Proper Treatment 正當作法/ blog/ posts/ Higher-order shell
標籤 Tags:
2008-09-29 01:39

Many Unix utilities execute their arguments as a command line in turn. Some well-known examples are nice, sudo, xargs, and find. These programs are sometimes called meta-commands, but I think of them as higher-order programs by analogy to higher-order functions.

Surely I was not the first to write the following two higher-order programs, given how useful they are.

tmp :: String -> (FilePath -> IO ()) -> IO ()

The first program is tmp. It puts standard input in a temporary file, then invokes the arguments as a command with the name of the temporary file appended.

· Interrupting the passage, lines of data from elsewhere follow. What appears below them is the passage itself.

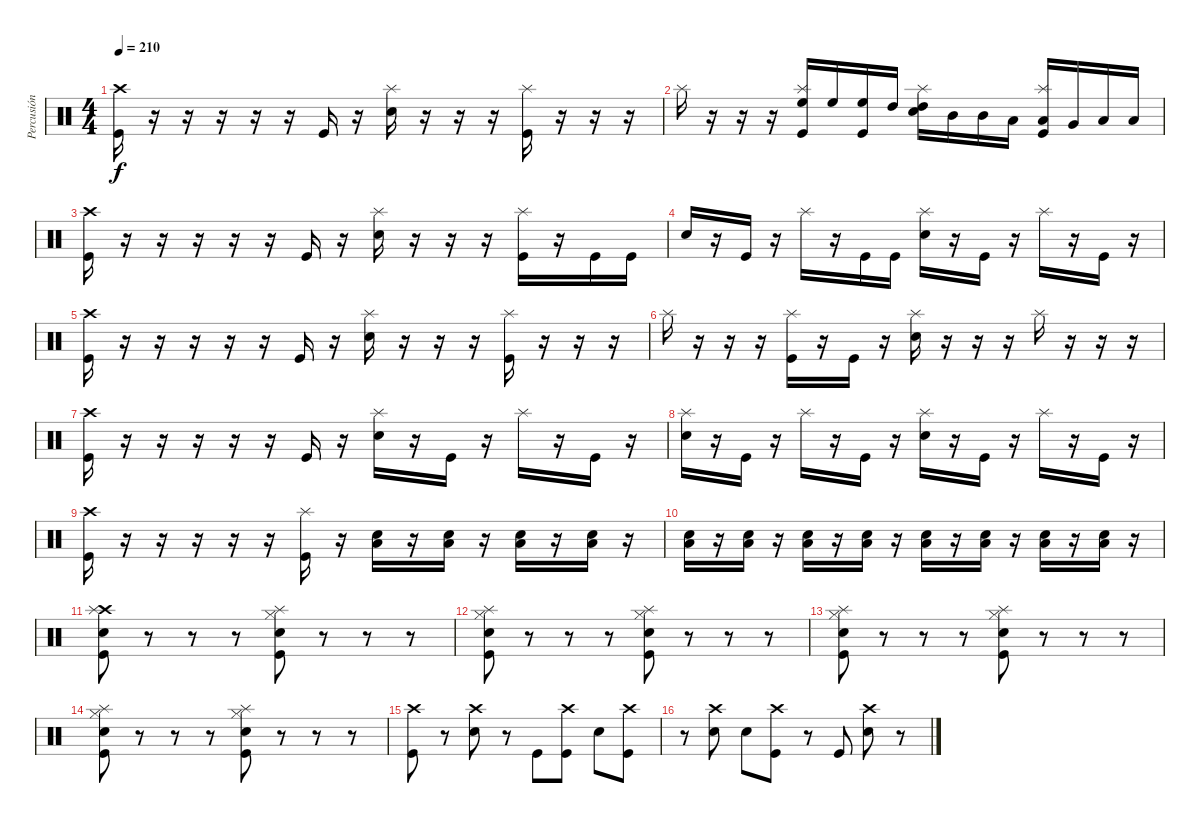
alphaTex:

\track ("Percusión" "Percusión") {instrument percussion}
\staff {score}
\articulation defaults
\ts (4 4)
\tempo 210
\clef neutral
\ks c
("Crash high (hit)" "Kick (hit)").16{dy f} r.16 r.16 r.16 r.16 r.16 "Kick (hit)".16 r.16 ("Splash (hit)" "Snare (hit) 2").16 r.16 r.16 r.16 ("Splash (hit)" "Kick (hit)").16 r.16 r.16 r.16 |
"Splash (hit)".16 r.16 r.16 r.16 ("High Floor Tom (hit)" "Splash (hit)" "Kick (hit)").16 "High Floor Tom (hit)".16 ("High Floor Tom (hit)" "Kick (hit)").16 "High Tom (hit)".16 ("High Tom (hit)" "Splash (hit)" "Snare (hit) 2").16 "Mid Tom (hit)".16 "Mid Tom (hit)".16 "Low Tom (hit)".16 ("Low Tom (hit)" "Splash (hit)" "Kick (hit)").16 "Very Low Tom (hit)".16 "Low Floor Tom (hit)".16 "Low Floor Tom (hit)".16 |
("Crash high (hit)" "Kick (hit)").16 r.16 r.16 r.16 r.16 r.16 "Kick (hit)".16 r.16 ("Splash (hit)" "Snare (hit) 2").16 r.16 r.16 r.16 ("Splash (hit)" "Kick (hit)").16 r.16 "Kick (hit)".16 "Kick (hit)".16 |
"Snare (hit) 2".16 r.16 "Kick (hit)".16 r.16 "Splash (hit)".16 r.16 "Kick (hit)".16 "Kick (hit)".16 ("Splash (hit)" "Snare (hit) 2").16 r.16 "Kick (hit)".16 r.16 "Splash (hit)".16 r.16 "Kick (hit)".16 r.16 |
("Crash high (hit)" "Kick (hit)").16 r.16 r.16 r.16 r.16 r.16 "Kick (hit)".16 r.16 ("Splash (hit)" "Snare (hit) 2").16 r.16 r.16 r.16 ("Splash (hit)" "Kick (hit)").16 r.16 r.16 r.16 |
"Splash (hit)".16 r.16 r.16 r.16 ("Splash (hit)" "Kick (hit)").16 r.16 "Kick (hit)".16 r.16 ("Splash (hit)" "Snare (hit) 2").16 r.16 r.16 r.16 "Splash (hit)".16 r.16 r.16 r.16 |
("Crash high (hit)" "Kick (hit)").16 r.16 r.16 r.16 r.16 r.16 "Kick (hit)".16 r.16 ("Splash (hit)" "Snare (hit) 2").16 r.16 "Kick (hit)".16 r.16 "Splash (hit)".16 r.16 "Kick (hit)".16 r.16 |
("Splash (hit)" "Snare (hit) 2").16 r.16 "Kick (hit)".16 r.16 "Splash (hit)".16 r.16 "Kick (hit)".16 r.16 ("Splash (hit)" "Snare (hit) 2").16 r.16 "Kick (hit)".16 r.16 "Splash (hit)".16 r.16 "Kick (hit)".16 r.16 |
("Crash high (hit)" "Kick (hit)").16 r.16 r.16 r.16 r.16 r.16 ("Splash (hit)" "Kick (hit)").16 r.16 ("Low Floor Tom (hit)" "Snare (hit) 2").16 r.16 ("Low Floor Tom (hit)" "Snare (hit) 2").16 r.16 ("Low Floor Tom (hit)" "Snare (hit) 2").16 r.16 ("Low Floor Tom (hit)" "Snare (hit) 2").16 r.16 |
("Low Floor Tom (hit)" "Snare (hit) 2").16 r.16 ("Low Floor Tom (hit)" "Snare (hit) 2").16 r.16 ("Low Floor Tom (hit)" "Snare (hit) 2").16 r.16 ("Low Floor Tom (hit)" "Snare (hit) 2").16 r.16 ("Low Floor Tom (hit)" "Snare (hit) 2").16 r.16 ("Low Floor Tom (hit)" "Snare (hit) 2").16 r.16 ("Low Floor Tom (hit)" "Snare (hit) 2").16 r.16 ("Low Floor Tom (hit)" "Snare (hit) 2").16 r.16 |
("Crash high (hit)" "Splash (hit)" "Snare (hit) 2" "Kick (hit)").8 r.8 r.8 r.8 ("Hi-Hat (closed)" "Splash (hit)" "Snare (hit) 2" "Kick (hit)").8 r.8 r.8 r.8 |
("Hi-Hat (closed)" "Splash (hit)" "Snare (hit) 2" "Kick (hit)").8 r.8 r.8 r.8 ("Hi-Hat (closed)" "Splash (hit)" "Snare (hit) 2" "Kick (hit)").8 r.8 r.8 r.8 |
("Hi-Hat (closed)" "Splash (hit)" "Snare (hit) 2" "Kick (hit)").8 r.8 r.8 r.8 ("Hi-Hat (closed)" "Splash (hit)" "Snare (hit) 2" "Kick (hit)").8 r.8 r.8 r.8 |
("Hi-Hat (closed)" "Splash (hit)" "Snare (hit) 2" "Kick (hit)").8 r.8 r.8 r.8 ("Hi-Hat (closed)" "Splash (hit)" "Snare (hit) 2" "Kick (hit)").8 r.8 r.8 r.8 |
("Crash high (hit)" "Kick (hit)").8 r.8 ("Crash high (hit)" "Snare (hit) 2").8 r.8 "Kick (hit)".8 ("Crash high (hit)" "Kick (hit)").8 "Snare (hit) 2".8 ("Crash high (hit)" "Kick (hit)").8 |
r.8 ("Crash high (hit)" "Snare (hit) 2").8 "Snare (hit) 2".8 ("Crash high (hit)" "Kick (hit)").8 r.8 "Kick (hit)".8 ("Crash high (hit)" "Snare (hit) 2").8 r.8

This program is useful because some programs require input in the form of an ordinary file rather than a pipe. For example, say that we want to retrieve a URL and display the contents using xdvi. It would be nice to be able to say

curl http://www.diku.dk/~andrzej/papers/RC.dvi | xdvi -

or

xdvi <(curl http://www.diku.dk/~andrzej/papers/RC.dvi)

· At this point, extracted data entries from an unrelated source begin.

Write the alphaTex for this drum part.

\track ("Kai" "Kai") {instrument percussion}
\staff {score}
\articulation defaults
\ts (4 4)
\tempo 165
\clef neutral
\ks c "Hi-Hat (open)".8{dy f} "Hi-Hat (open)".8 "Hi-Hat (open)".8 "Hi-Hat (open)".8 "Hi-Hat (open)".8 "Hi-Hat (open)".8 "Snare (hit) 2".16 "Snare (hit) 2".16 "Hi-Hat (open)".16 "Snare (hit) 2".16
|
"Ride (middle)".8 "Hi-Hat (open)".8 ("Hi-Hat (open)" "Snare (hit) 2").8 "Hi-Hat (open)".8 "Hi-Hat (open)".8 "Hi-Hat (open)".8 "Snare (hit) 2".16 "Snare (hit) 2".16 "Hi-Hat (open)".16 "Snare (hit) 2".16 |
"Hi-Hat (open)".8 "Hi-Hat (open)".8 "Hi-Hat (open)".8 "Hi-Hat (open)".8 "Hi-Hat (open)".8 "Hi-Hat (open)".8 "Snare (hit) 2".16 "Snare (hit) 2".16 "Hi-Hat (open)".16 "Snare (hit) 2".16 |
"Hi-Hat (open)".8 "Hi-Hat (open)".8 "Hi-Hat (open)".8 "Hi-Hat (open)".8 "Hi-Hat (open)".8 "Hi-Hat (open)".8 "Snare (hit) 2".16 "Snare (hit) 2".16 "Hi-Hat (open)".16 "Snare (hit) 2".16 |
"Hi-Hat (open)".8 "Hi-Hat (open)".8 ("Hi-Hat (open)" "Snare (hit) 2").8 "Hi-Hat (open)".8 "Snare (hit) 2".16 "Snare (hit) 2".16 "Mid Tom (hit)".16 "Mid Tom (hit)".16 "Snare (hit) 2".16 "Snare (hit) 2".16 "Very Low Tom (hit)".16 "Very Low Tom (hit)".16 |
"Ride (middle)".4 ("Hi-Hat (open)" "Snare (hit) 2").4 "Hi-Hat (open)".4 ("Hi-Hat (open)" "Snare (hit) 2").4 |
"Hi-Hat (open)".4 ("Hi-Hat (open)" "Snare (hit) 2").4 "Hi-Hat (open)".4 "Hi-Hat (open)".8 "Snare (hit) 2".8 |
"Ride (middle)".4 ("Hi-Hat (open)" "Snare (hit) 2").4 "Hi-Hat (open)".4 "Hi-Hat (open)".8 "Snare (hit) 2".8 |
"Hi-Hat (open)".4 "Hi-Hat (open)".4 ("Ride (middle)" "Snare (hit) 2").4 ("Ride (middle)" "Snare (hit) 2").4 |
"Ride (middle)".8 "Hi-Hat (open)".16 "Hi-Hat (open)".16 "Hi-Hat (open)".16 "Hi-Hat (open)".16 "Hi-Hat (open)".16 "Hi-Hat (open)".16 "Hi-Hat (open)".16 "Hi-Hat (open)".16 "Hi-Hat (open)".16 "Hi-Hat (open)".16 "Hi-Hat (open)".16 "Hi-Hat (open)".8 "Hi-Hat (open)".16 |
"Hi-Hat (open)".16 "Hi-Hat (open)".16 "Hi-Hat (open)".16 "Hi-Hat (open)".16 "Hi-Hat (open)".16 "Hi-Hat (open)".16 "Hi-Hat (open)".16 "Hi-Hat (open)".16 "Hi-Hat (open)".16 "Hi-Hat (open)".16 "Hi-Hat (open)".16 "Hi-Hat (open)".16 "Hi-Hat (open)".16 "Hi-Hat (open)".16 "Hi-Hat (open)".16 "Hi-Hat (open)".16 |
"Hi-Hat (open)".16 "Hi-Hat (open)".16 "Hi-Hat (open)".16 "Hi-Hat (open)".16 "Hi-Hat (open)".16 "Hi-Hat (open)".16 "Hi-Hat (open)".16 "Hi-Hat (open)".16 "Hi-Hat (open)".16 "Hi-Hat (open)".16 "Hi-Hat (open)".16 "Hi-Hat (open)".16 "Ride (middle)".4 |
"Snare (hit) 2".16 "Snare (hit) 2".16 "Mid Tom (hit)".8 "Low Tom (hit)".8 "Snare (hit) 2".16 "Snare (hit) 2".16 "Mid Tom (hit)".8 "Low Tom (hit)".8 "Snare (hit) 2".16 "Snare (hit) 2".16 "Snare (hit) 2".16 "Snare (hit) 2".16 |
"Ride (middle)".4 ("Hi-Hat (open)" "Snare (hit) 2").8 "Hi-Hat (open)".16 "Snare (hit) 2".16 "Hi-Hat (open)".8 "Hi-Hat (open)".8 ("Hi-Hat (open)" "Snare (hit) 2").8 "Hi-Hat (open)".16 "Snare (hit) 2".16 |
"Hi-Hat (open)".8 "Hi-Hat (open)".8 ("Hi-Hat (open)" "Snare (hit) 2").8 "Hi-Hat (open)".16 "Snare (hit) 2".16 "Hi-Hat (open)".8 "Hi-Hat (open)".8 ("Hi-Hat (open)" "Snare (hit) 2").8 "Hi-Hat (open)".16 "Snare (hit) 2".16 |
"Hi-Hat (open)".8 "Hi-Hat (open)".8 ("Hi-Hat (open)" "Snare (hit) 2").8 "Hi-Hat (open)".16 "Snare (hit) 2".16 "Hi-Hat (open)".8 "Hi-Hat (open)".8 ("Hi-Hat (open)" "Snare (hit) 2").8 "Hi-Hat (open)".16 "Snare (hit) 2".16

but my xdvi only works on an ordinary file named on the command line:

$ curl http://www.diku.dk/~andrzej/papers/RC.dvi | xdvi -
xdvi.bin: Fatal error: -: No such file,
          and -.dvi doesn't exist either.

$ xdvi <(curl http://www.diku.dk/~andrzej/papers/RC.dvi)
xdvi.bin: Fatal error: /dev/fd/63: File has zero size,
          and /dev/fd/63.dvi doesn't exist either.

Instead, we can use tmp to adapt xdvi to our purpose.

$ curl --silent http://www.diku.dk/~andrzej/papers/RC.dvi |
  tmp xdvi

When the command is done, tmp deletes the temporary file.

$ echo foo | tmp cat
foo

$ echo foo | tmp echo | xargs cat
cat: /tmp/uyocf2fHQx: No such file or directory

Often I use tmp when I need to process the same data twice. For example, it takes two invocations of psselect to print duplex using manual feed on a printer without duplex.

$ a2ps -o- Higher-order_shell.mdwn |
  tmp sh -c 'psselect -e -r $0 | lpr;
             read </dev/tty;
             psselect -o $0 | lpr'

The use of $0 above is documented in the sh man page:

-c

Read commands from the command_string operand. Set the value of special parameter 0 (see Special Parameters) from the value of the command_name operand and the positional parameters ($1, $2, and so on) in sequence from the remaining argument operands. No commands shall be read from the standard input.

We can also use sh -c in the same way to nest multiple invocations of tmp together. For example, the following command uses lynx to convert two HTML files into plain text, then uses xxdiff to show how the results differ. We need to invoke tmp twice because xxdiff requires both of its arguments to name ordinary files rather than pipes.

$ lynx -dump Control-Monad-State-Lazy.html |
  tmp sh -c 'lynx -dump Control-Monad-State-Strict.html |
             tmp xxdiff $0'

Because xxdiff takes the argument - to mean standard input, the following command works too.

$ lynx -dump Control-Monad-State-Lazy.html |
  tmp sh -c 'lynx -dump Control-Monad-State-Strict.html |
             xxdiff $0 -'

keep :: (forall m. MonadIO m => m ()) -> IO a

The second program is keep. It invokes the arguments as a command and monitors the files the command accesses. Whenever any of the files change, keep invokes the command again. Most of the time, I use keep to invoke LaTeX when I don’t want to bother writing a Makefile:

$ keep pdflatex talk.tex

Internally, keep uses strace (another higher-order program) to find out which files are accessed by the command, and Linux’s inotify facility to watch the files for changes. The incron utility also uses inotify to run a command when files change, but keep discovers which files to watch automatically.

Errata

Thanks to bennymack on reddit for pointing out that file can work on standard input. I changed the example from file to xdvi.

I also fixed the out-of-scope type variable in the faux signature of keep.